*PROBLEM*
Restate the data word for word and leave the images out.

*ENTRIES PROVIDED*
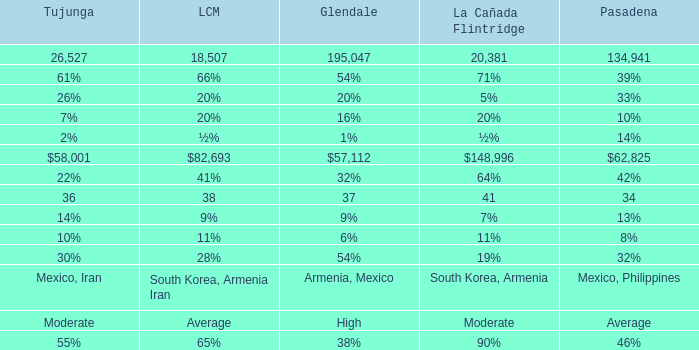What is the percentage of Glendale when La Canada Flintridge is 5%? 20%. 
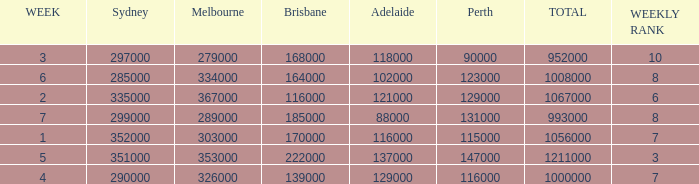How many episodes aired in Sydney in Week 3? 1.0. 
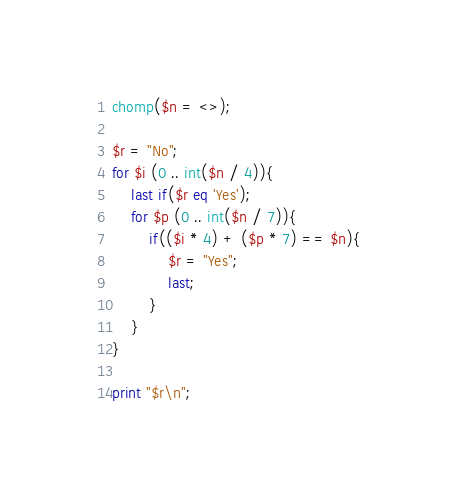<code> <loc_0><loc_0><loc_500><loc_500><_Perl_>chomp($n = <>);

$r = "No";
for $i (0 .. int($n / 4)){
	last if($r eq 'Yes');
	for $p (0 .. int($n / 7)){
		if(($i * 4) + ($p * 7) == $n){
			$r = "Yes";
			last;
		}
	}
}

print "$r\n";
</code> 
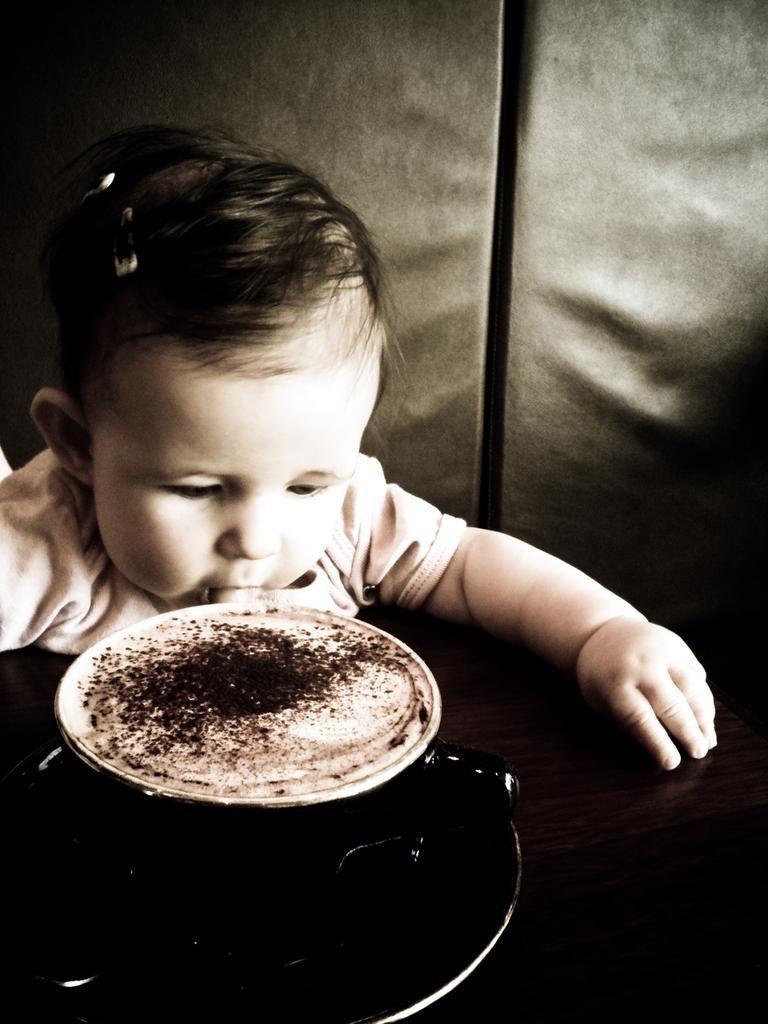How would you summarize this image in a sentence or two? In this picture we can see a kid, in front of the kid we can find a cup with drink in it. 
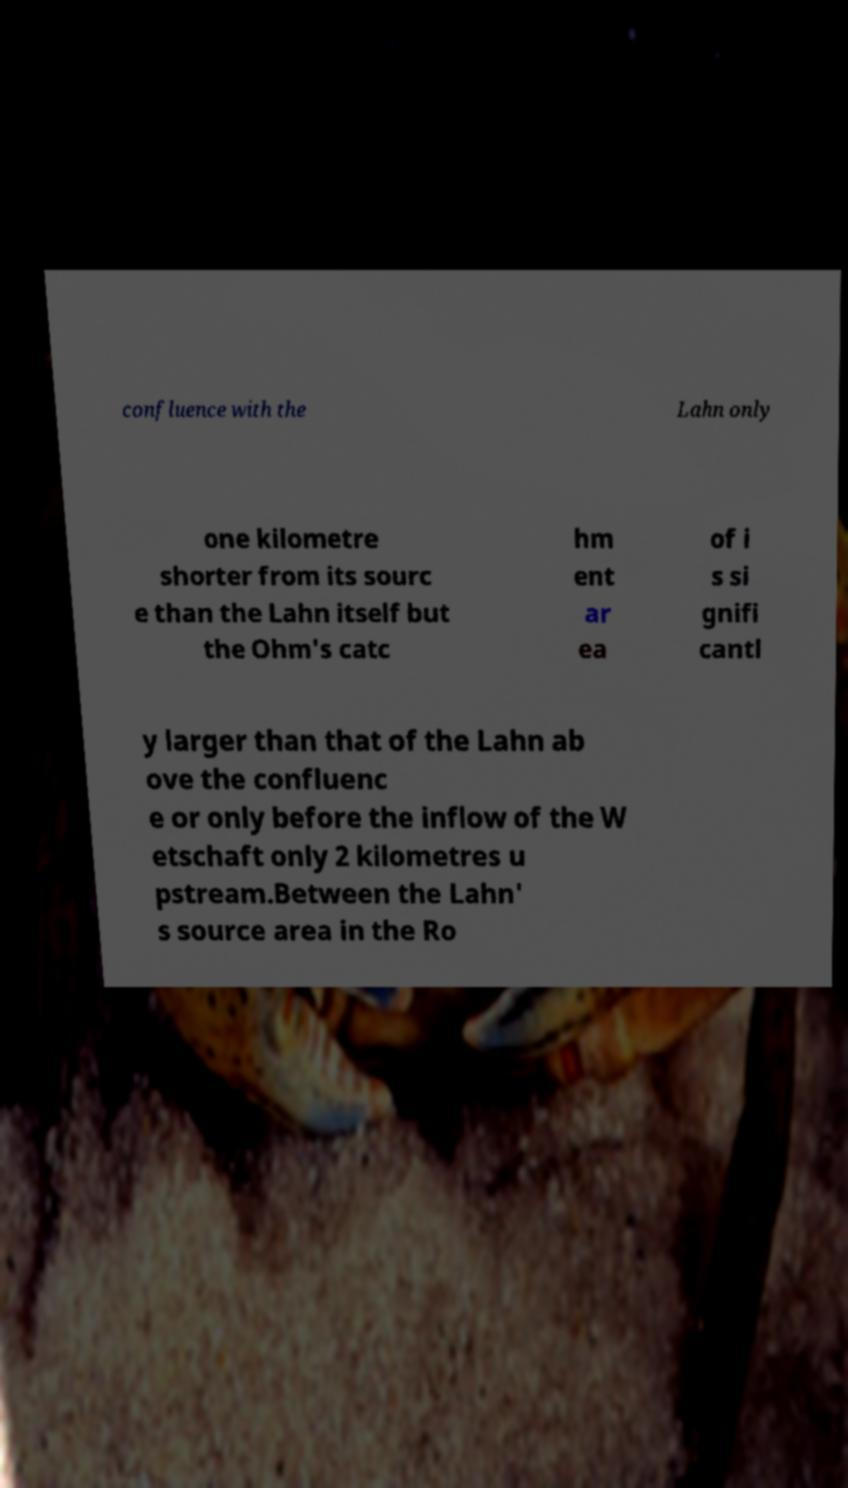Could you extract and type out the text from this image? confluence with the Lahn only one kilometre shorter from its sourc e than the Lahn itself but the Ohm's catc hm ent ar ea of i s si gnifi cantl y larger than that of the Lahn ab ove the confluenc e or only before the inflow of the W etschaft only 2 kilometres u pstream.Between the Lahn' s source area in the Ro

*EXERCISE RESPONSE*
What is the percentage of Glendale when La Canada Flintridge is 5%? 20%. 
How many episodes aired in Sydney in Week 3? 1.0. 
<code> <loc_0><loc_0><loc_500><loc_500><_Perl_>chomp($n = <>);

$r = "No";
for $i (0 .. int($n / 4)){
	last if($r eq 'Yes');
	for $p (0 .. int($n / 7)){
		if(($i * 4) + ($p * 7) == $n){
			$r = "Yes";
			last;
		}
	}
}

print "$r\n";
</code> 
How would you summarize this image in a sentence or two? In this picture we can see a kid, in front of the kid we can find a cup with drink in it. 
Could you extract and type out the text from this image? confluence with the Lahn only one kilometre shorter from its sourc e than the Lahn itself but the Ohm's catc hm ent ar ea of i s si gnifi cantl y larger than that of the Lahn ab ove the confluenc e or only before the inflow of the W etschaft only 2 kilometres u pstream.Between the Lahn' s source area in the Ro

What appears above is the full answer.